### Data section
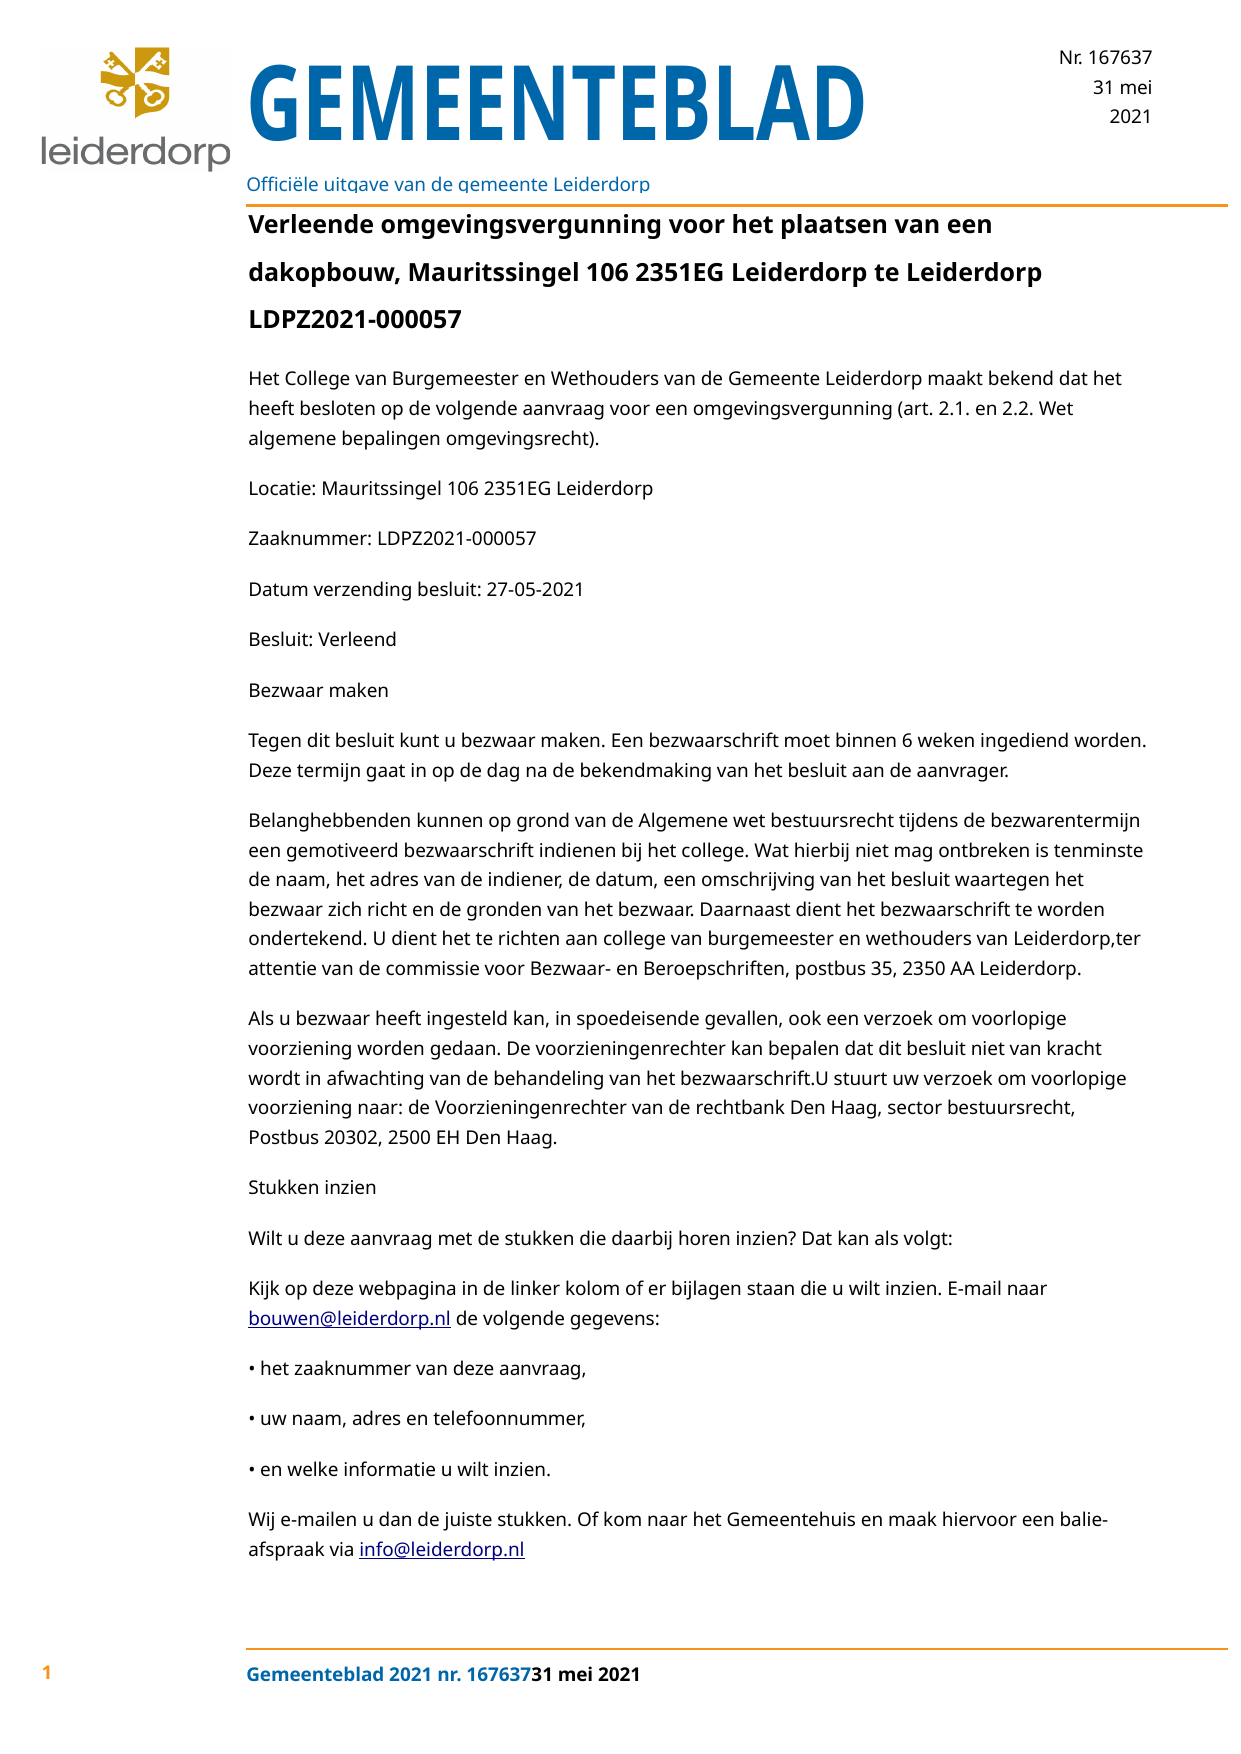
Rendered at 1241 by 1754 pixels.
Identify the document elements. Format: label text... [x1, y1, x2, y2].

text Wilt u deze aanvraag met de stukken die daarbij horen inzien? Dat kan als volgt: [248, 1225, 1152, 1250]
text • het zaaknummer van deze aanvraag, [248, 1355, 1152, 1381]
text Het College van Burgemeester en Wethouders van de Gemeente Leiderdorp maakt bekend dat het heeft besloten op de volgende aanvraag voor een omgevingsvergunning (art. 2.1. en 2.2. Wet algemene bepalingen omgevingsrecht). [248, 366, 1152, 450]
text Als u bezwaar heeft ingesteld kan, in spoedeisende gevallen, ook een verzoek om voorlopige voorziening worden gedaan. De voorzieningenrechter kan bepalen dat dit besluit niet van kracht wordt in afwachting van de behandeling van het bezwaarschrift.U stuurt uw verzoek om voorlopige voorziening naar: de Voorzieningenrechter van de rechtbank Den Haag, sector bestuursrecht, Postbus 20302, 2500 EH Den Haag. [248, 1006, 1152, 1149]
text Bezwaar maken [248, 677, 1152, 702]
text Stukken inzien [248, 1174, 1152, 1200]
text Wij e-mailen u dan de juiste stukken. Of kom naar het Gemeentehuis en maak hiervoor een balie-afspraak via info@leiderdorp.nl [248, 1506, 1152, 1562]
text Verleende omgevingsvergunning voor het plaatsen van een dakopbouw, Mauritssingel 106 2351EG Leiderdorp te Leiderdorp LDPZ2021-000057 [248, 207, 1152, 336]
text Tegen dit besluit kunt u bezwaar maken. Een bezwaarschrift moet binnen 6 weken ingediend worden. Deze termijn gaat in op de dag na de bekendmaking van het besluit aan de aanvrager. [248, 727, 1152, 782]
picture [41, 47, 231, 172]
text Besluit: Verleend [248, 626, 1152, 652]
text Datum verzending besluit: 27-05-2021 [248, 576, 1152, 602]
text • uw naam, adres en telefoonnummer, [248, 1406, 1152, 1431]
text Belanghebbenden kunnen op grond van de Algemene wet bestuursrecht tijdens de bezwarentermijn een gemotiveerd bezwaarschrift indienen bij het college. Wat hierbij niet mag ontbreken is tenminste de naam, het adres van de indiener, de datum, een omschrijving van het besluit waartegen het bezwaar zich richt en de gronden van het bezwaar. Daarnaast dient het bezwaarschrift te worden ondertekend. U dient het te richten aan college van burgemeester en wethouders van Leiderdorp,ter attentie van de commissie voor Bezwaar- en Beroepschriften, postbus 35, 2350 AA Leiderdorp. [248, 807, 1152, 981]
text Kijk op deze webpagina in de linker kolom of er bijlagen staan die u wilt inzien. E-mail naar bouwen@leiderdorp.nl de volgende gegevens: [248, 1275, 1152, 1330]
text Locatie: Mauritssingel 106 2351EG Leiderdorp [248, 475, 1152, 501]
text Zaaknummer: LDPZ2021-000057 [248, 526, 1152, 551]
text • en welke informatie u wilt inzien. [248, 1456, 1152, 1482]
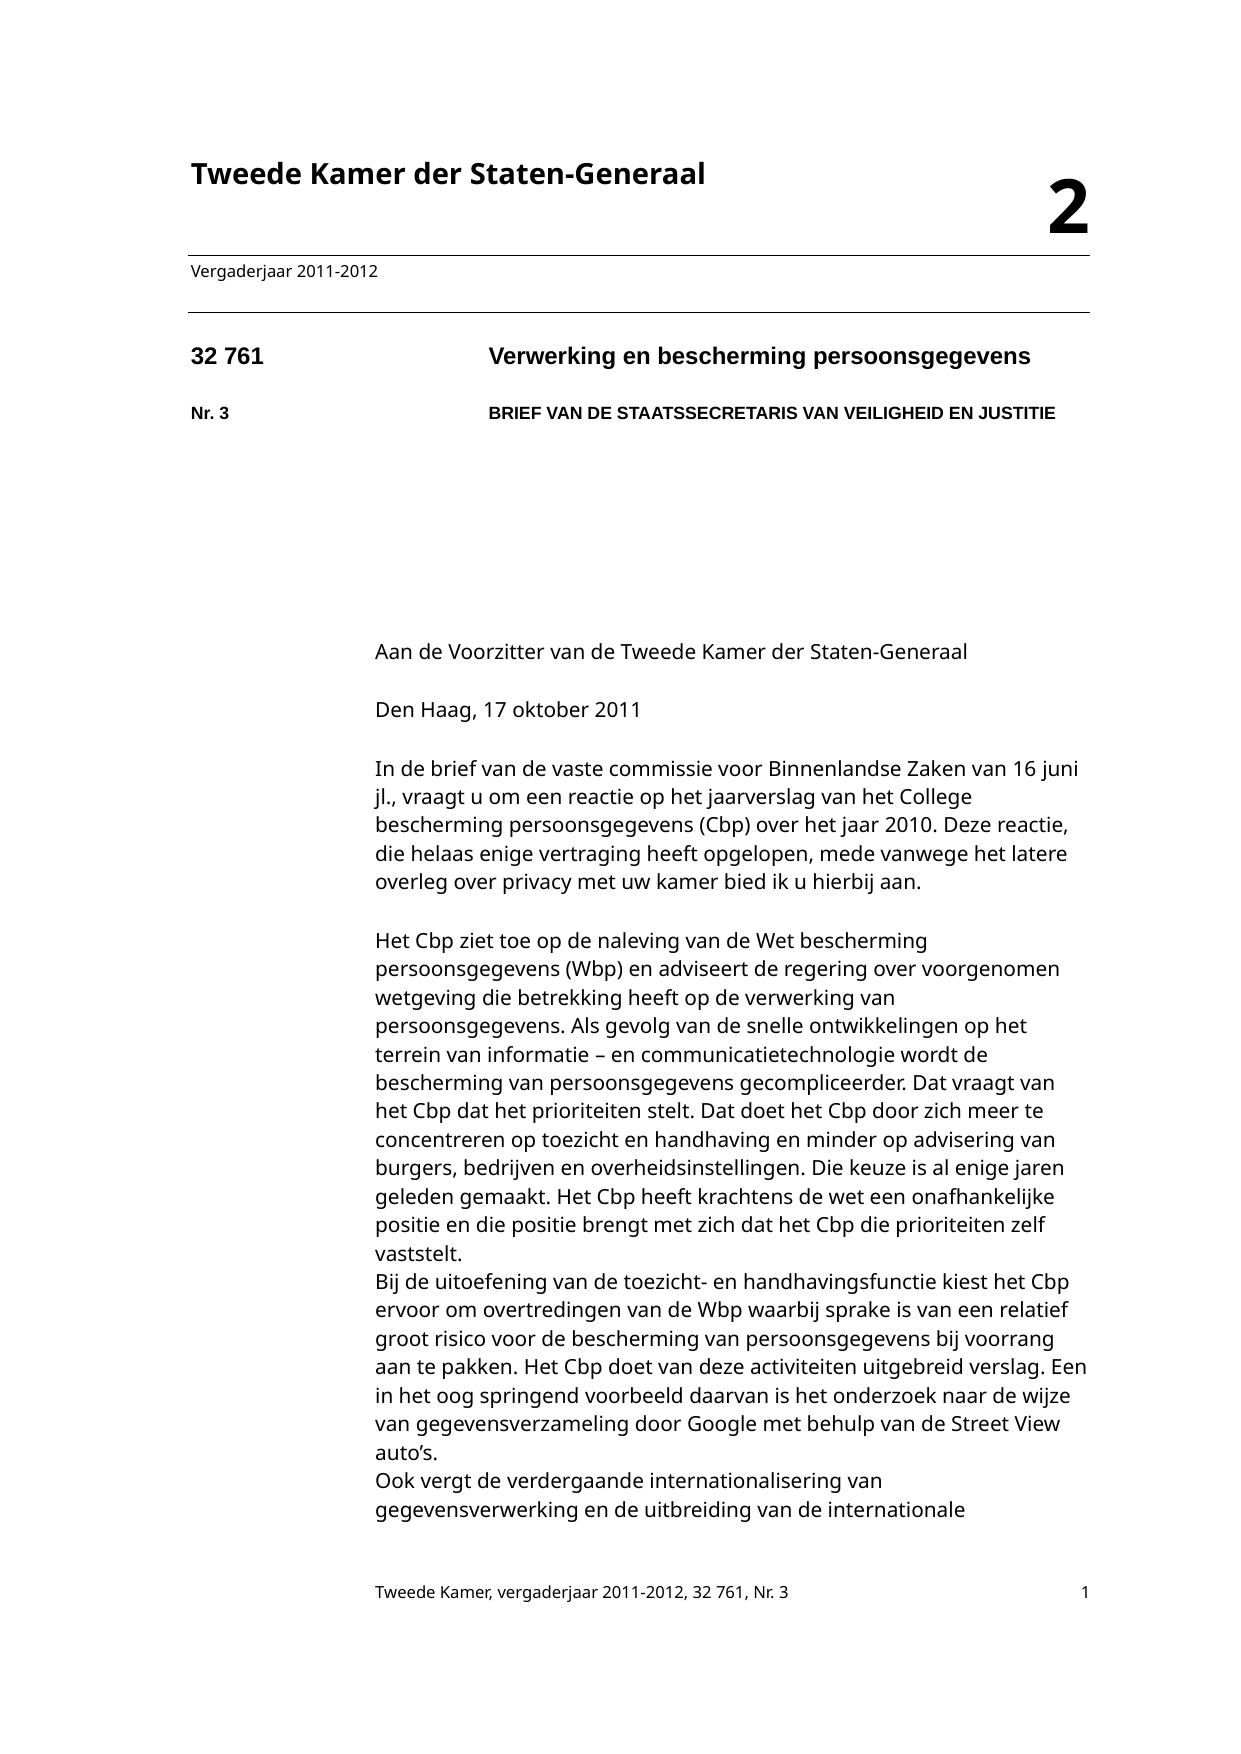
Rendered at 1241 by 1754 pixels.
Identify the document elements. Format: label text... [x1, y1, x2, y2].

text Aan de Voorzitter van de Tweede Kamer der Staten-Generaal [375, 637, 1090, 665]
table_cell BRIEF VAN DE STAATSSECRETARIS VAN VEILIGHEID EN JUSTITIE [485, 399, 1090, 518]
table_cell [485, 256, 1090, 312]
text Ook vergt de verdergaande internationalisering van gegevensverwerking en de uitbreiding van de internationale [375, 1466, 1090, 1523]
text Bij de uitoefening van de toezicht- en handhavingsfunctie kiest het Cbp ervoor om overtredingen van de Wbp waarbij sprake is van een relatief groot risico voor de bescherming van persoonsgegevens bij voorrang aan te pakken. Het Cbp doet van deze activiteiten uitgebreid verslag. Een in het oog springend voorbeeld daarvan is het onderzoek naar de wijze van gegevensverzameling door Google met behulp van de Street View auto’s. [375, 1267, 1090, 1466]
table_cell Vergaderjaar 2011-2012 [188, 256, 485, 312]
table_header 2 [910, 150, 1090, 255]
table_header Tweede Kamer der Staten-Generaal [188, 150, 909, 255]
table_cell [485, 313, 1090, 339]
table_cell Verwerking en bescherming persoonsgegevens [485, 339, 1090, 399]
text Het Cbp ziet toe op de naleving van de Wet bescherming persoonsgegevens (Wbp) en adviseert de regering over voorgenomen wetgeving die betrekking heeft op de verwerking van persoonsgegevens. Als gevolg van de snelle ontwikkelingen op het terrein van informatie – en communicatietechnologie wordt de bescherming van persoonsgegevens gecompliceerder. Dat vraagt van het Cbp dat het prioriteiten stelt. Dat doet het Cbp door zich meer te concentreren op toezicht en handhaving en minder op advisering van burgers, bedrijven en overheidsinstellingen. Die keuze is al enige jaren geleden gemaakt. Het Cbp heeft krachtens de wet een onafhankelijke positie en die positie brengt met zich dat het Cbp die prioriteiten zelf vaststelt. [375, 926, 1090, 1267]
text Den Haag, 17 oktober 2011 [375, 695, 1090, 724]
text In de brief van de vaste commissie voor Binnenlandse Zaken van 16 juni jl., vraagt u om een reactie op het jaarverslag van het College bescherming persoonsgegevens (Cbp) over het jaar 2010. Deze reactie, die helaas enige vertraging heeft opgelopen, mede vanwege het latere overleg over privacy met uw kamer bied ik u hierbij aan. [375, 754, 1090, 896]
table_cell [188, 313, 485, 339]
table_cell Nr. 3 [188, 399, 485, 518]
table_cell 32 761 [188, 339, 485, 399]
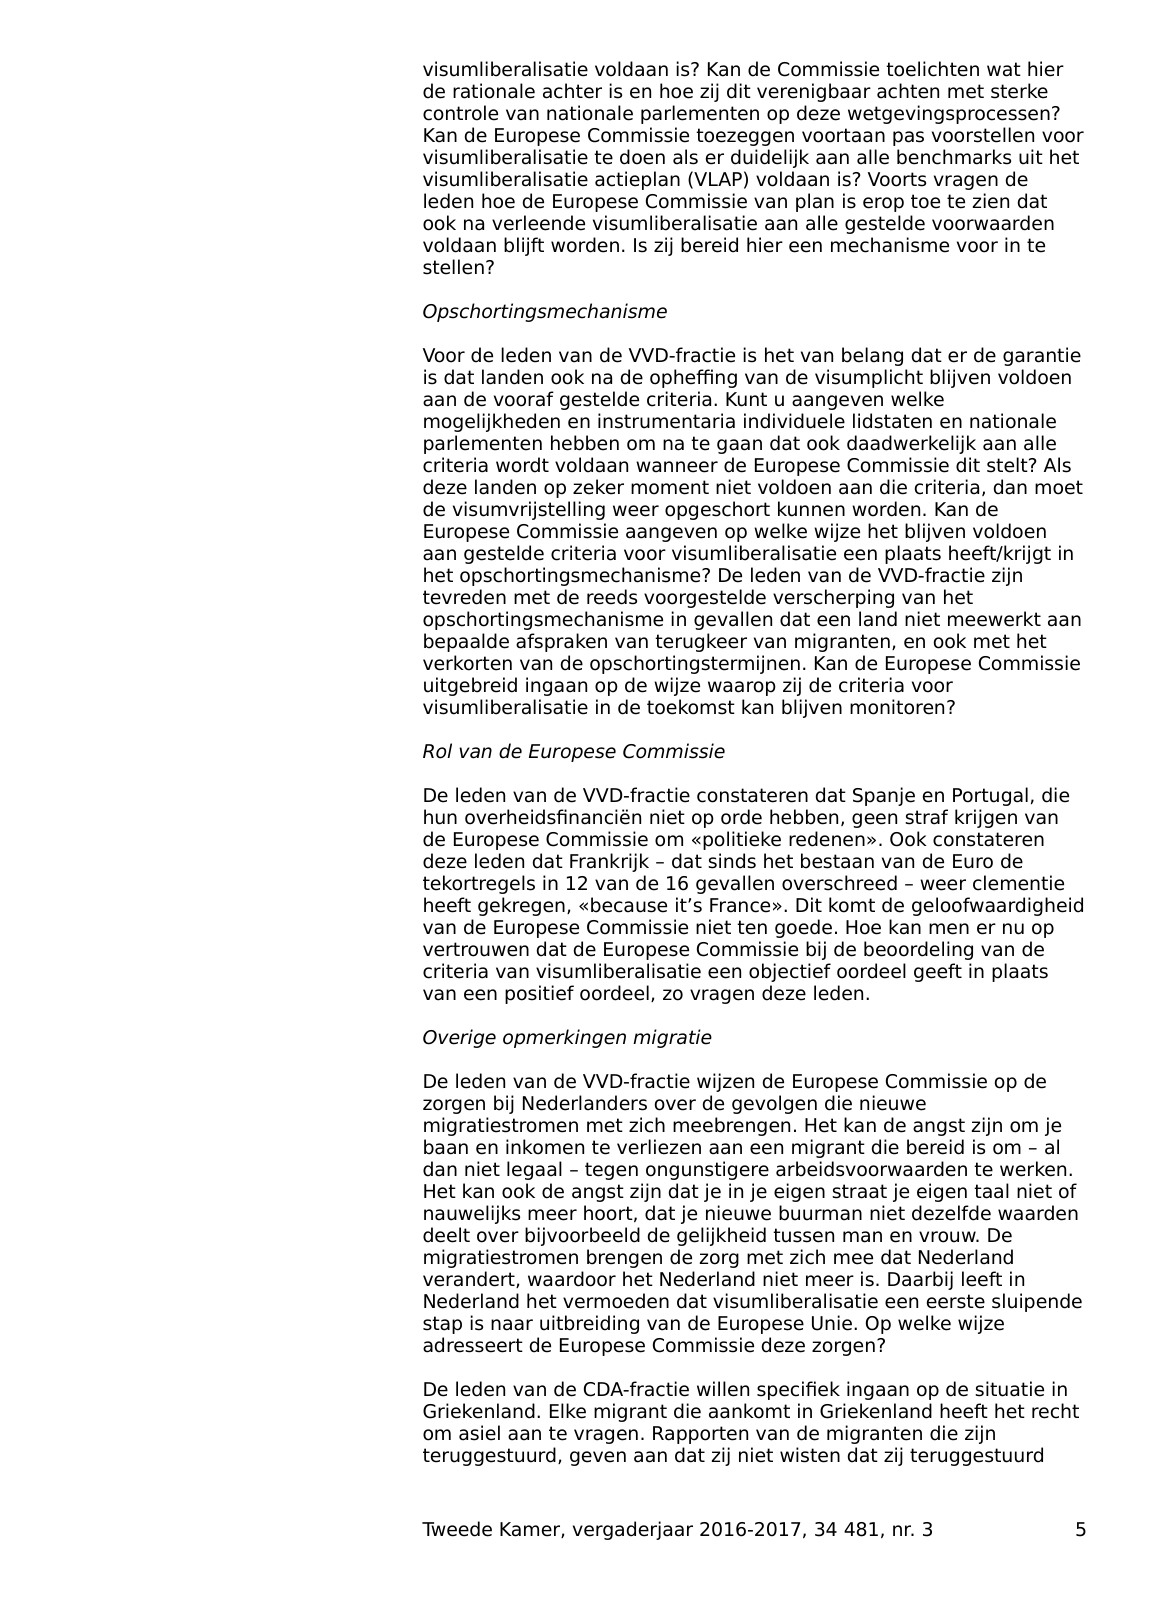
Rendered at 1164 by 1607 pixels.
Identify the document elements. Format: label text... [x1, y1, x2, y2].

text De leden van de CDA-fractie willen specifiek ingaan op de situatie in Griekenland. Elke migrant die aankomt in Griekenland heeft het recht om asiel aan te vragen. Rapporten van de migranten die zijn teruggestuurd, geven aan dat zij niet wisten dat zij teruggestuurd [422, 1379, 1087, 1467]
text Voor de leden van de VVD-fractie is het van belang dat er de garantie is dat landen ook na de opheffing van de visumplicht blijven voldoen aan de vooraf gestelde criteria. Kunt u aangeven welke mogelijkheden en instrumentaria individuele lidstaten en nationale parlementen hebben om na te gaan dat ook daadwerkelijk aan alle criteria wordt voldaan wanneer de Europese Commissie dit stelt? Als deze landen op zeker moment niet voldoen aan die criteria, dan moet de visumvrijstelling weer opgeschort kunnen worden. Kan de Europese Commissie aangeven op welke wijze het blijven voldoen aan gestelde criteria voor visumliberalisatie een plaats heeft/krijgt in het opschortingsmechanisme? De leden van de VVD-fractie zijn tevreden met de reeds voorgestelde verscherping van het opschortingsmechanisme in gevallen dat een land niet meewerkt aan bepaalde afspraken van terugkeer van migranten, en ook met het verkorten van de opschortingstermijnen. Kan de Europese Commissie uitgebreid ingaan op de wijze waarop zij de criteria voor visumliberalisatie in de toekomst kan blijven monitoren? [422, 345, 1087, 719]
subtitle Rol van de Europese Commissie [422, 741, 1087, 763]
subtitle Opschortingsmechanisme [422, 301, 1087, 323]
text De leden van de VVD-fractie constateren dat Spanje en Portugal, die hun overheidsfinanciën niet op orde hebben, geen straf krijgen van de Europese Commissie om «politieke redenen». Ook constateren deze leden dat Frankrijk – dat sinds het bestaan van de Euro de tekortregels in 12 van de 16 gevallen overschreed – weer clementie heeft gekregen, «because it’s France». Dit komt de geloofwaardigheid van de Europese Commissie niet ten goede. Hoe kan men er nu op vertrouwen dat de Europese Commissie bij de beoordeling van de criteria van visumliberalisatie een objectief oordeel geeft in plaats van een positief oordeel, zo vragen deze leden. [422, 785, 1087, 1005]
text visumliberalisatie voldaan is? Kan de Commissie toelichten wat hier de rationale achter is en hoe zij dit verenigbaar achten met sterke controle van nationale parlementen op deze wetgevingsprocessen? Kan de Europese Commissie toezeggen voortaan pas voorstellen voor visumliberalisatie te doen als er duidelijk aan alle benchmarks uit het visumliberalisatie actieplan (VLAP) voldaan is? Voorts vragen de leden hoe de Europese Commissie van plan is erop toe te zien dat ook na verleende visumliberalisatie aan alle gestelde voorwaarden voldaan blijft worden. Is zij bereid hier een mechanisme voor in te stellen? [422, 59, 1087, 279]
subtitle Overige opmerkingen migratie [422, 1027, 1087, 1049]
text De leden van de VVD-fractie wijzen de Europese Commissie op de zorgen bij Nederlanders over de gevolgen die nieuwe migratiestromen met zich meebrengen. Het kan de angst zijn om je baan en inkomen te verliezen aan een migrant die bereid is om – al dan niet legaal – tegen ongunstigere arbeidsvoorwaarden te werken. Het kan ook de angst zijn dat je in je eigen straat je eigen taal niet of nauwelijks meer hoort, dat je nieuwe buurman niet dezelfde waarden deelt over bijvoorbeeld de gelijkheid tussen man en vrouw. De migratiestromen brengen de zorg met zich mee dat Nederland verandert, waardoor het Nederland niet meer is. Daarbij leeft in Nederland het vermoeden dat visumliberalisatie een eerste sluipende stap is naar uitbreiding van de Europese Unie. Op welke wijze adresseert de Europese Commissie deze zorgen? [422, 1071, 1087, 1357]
######
> _The problem_:
Search the data for the string "subtitle" and copy every line where it appears.

> _Exercise answer_:
subtitle Rol van de Europese Commissie [422, 741, 1087, 763]
subtitle Opschortingsmechanisme [422, 301, 1087, 323]
subtitle Overige opmerkingen migratie [422, 1027, 1087, 1049]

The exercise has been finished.